Saturday, February 22, 2014

Interview with Husain Haqqani

The Diplomat’s Sanjay Kumar speaks with former Pakistan ambassador to the United States Husain Haqqani about his book Magnificent Delusions, the state of Pakistan, and its complex relations with India, Afghanistan, and the United States.
http://thediplomat.com/2014/02/husain-haqqani/

Some excerpts:

Can you conceive of Pakistan’s existence without the U.S.?

Pakistan will have to change direction. Its leaders will have to stop thinking in terms of seeking American aid forever in order to confront India. They will have to start building a series of relationship with their neighbors. Islamabad needs to think of its economy. It will have to think about rooting out terrorism completely and it should treat such non-state actors as the enemy. It cannot afford to think that some terrorists are good for Afghanistan and some are valuable for Kashmir and some are bad for Karachi and Lahore. Pakistan will have to realize terrorism does not have a color and its nature is to kill.
Pakistan is going through great political change. Do you look at the developments as a positive sign and a new chapter in Pakistan’s history?
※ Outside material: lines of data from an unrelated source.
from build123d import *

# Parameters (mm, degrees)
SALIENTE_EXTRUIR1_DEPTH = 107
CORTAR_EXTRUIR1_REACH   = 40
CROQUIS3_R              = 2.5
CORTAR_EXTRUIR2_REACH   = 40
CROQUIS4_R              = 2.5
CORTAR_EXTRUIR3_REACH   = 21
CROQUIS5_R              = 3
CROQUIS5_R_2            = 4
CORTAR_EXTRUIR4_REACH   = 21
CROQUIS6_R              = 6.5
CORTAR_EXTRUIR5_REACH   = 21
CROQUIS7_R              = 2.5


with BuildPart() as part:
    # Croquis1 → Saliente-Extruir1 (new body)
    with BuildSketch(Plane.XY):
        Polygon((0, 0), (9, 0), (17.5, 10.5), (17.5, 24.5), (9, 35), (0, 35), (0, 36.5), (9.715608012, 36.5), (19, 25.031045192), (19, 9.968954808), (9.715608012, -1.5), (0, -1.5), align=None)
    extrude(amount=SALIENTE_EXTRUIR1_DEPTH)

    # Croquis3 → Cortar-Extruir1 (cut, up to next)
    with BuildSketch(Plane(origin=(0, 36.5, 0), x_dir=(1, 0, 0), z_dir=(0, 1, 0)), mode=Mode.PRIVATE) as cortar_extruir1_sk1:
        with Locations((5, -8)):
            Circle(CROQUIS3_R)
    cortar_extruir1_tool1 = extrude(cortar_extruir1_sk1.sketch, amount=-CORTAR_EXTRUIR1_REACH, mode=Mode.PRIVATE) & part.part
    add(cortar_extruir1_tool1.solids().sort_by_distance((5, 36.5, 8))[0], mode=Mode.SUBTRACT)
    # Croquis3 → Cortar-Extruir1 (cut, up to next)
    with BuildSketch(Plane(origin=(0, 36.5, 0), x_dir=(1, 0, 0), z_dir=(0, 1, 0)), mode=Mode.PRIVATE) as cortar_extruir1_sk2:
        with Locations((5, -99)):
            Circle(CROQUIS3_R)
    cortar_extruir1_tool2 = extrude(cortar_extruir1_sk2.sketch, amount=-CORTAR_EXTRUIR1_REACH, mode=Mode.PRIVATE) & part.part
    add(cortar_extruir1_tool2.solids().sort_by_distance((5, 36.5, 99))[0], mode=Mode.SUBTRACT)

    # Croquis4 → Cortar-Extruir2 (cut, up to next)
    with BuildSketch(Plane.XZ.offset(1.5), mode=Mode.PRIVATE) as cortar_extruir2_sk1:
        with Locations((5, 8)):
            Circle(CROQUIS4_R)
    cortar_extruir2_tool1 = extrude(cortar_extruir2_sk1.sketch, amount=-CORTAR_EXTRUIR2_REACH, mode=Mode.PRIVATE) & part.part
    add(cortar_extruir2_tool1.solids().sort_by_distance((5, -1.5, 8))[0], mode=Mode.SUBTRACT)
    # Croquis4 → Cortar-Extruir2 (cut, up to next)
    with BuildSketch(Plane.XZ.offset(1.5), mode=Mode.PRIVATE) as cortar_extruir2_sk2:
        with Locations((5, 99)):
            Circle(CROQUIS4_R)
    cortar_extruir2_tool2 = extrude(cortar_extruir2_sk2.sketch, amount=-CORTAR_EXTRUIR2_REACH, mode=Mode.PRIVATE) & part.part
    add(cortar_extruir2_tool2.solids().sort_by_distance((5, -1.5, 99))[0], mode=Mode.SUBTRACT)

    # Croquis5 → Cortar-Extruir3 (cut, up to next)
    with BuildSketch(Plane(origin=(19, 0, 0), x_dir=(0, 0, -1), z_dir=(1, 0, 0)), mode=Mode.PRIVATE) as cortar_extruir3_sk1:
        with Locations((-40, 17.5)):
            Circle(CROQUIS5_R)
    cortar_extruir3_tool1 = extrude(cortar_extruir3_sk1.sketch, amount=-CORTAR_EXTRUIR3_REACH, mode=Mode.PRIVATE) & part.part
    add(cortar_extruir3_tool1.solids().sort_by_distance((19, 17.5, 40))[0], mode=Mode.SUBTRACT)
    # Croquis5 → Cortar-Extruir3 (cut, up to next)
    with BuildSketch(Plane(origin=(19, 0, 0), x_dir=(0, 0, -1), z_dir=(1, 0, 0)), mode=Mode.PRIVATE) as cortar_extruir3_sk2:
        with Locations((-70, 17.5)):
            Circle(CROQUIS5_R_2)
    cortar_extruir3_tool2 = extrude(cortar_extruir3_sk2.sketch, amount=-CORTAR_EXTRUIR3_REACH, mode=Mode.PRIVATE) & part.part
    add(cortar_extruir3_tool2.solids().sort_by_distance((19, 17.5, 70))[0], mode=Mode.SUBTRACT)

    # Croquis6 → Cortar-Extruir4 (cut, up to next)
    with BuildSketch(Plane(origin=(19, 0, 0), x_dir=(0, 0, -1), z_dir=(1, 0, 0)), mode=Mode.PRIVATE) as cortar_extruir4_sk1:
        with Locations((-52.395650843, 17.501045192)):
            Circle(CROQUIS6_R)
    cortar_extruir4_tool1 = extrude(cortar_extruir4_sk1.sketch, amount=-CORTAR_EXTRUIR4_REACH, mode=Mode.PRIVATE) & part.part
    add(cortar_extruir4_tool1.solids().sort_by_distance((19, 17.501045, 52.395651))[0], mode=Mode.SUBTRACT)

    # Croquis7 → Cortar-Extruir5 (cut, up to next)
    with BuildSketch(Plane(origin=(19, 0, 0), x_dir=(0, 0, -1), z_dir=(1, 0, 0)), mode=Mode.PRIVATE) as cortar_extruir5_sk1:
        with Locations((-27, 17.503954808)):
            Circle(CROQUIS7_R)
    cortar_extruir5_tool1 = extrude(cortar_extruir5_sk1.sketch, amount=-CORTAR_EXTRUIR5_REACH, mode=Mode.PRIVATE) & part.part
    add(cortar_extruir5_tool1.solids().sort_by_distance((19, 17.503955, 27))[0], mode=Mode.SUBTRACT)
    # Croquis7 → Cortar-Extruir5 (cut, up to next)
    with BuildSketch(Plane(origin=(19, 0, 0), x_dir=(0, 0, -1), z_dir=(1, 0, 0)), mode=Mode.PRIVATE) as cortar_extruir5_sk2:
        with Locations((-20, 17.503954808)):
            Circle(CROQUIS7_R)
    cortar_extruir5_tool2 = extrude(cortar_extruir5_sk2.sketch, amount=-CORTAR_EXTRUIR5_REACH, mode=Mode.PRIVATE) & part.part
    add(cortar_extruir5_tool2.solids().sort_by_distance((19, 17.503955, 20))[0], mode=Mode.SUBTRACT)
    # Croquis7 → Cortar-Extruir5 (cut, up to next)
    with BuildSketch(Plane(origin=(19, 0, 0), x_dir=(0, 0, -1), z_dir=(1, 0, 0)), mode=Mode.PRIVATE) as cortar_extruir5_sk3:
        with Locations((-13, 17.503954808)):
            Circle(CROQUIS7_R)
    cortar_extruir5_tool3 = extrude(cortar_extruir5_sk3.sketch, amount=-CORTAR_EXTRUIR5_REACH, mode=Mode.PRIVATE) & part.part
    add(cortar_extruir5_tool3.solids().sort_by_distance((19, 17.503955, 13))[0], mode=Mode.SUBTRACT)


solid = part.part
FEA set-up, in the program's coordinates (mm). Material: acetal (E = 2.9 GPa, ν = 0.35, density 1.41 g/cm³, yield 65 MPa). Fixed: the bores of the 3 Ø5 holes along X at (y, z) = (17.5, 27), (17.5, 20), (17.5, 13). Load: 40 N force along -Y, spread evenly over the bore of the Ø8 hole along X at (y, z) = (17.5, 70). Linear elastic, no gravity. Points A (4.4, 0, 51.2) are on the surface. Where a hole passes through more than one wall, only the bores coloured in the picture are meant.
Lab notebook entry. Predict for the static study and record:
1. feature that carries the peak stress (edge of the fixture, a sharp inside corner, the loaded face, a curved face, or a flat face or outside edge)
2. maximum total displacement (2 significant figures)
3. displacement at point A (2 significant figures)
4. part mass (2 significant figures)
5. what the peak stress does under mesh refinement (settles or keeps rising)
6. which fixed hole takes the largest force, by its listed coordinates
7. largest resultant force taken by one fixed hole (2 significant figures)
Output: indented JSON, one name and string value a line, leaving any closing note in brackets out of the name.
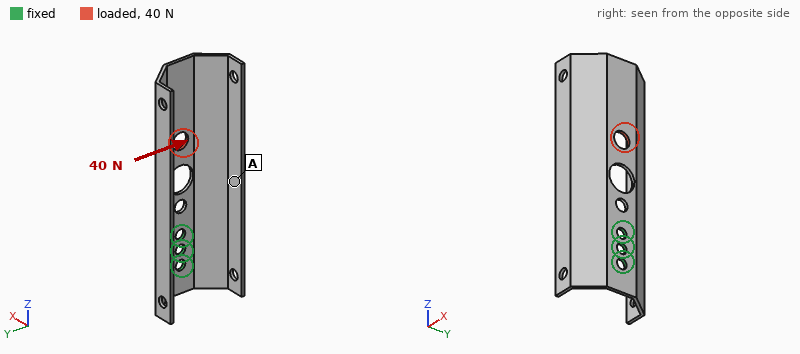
{
  "feature that carries the peak stress": "edge of the fixture",
  "maximum total displacement": "1.1 mm",
  "displacement at point A": "0.35 mm",
  "part mass": "13 g",
  "what the peak stress does under mesh refinement": "keeps rising",
  "which fixed hole takes the largest force, by its listed coordinates": "(17.5, 27)",
  "largest resultant force taken by one fixed hole": "120 N"
}
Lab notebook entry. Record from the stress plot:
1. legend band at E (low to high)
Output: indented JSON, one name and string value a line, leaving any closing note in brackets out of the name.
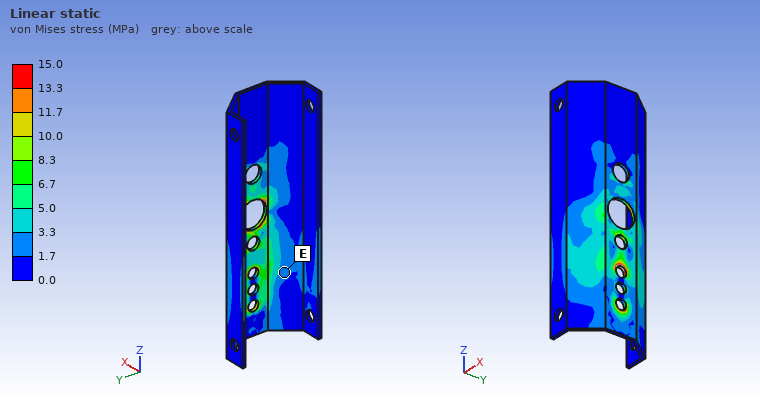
{
  "legend band at E": "1.7 to 3.3 MPa"
}
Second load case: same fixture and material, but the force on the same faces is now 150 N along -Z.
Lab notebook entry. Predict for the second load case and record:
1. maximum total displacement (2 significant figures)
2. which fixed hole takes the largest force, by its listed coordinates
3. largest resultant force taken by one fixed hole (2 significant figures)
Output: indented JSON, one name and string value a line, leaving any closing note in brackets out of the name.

{
  "maximum total displacement": "0.64 mm",
  "which fixed hole takes the largest force, by its listed coordinates": "(17.5, 27)",
  "largest resultant force taken by one fixed hole": "97 N"
}
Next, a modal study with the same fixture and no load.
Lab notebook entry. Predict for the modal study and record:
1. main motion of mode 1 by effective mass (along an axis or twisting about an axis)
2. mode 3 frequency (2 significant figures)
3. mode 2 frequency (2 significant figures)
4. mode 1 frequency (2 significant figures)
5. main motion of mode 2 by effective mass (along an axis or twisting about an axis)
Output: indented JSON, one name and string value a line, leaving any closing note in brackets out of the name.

{
  "main motion of mode 1 by effective mass": "along Y",
  "mode 3 frequency": "470 Hz",
  "mode 2 frequency": "200 Hz",
  "mode 1 frequency": "150 Hz",
  "main motion of mode 2 by effective mass": "along X"
}

Pakistan is at a crossroads. Jihadis have one narrative for Pakistan; democrats have their own. Among the democrats, there is a division among those who want to see Pakistan as a pluralistic state and those who want to adopt the old ideological paradigm of an Islamic state. The good thing is that the military has receded a little bit from politics but that doesn’t mean that they have given civilians complete freedom in decision making. How Pakistan gets through this stage of building democracy will determine its future. The most important thing for Pakistan is to overcome the ideological obsessions of the past.